__Recorded data__
»»

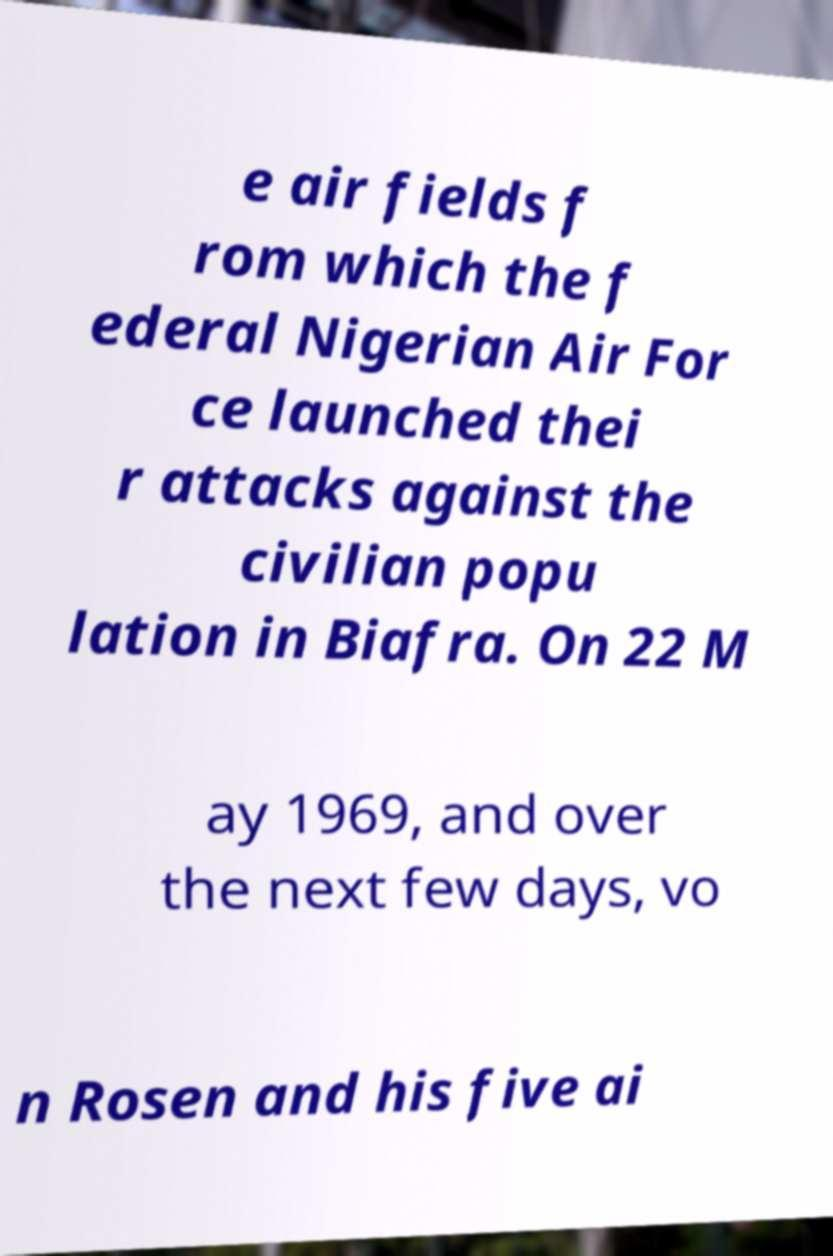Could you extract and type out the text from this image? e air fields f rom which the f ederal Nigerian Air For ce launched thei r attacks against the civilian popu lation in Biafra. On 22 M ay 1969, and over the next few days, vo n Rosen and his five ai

««
»»

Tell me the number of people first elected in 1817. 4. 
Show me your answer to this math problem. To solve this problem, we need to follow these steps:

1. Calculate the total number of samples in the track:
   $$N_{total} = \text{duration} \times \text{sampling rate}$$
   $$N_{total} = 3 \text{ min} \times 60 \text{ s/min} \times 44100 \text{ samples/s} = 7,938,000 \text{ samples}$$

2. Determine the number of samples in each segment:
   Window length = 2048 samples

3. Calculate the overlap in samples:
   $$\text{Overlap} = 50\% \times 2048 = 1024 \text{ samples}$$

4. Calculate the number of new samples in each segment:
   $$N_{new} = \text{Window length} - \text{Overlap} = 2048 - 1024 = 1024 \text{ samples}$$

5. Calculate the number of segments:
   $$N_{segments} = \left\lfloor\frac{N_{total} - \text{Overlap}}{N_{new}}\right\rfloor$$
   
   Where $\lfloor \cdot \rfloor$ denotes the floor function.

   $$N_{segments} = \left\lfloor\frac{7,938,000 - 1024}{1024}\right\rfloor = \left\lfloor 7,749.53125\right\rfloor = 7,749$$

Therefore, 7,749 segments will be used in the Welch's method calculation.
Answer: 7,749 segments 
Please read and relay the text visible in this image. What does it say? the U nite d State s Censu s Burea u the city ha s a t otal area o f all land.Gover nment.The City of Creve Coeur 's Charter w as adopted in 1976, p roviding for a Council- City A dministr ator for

««

__What to do__
Could you please find every line of the listing above holding the string "segments" and copy it?

__Task answer__
5. Calculate the number of segments:
   $$N_{segments} = \left\lfloor\frac{N_{total} - \text{Overlap}}{N_{new}}\right\rfloor$$
   $$N_{segments} = \left\lfloor\frac{7,938,000 - 1024}{1024}\right\rfloor = \left\lfloor 7,749.53125\right\rfloor = 7,749$$
Therefore, 7,749 segments will be used in the Welch's method calculation.
Answer: 7,749 segments 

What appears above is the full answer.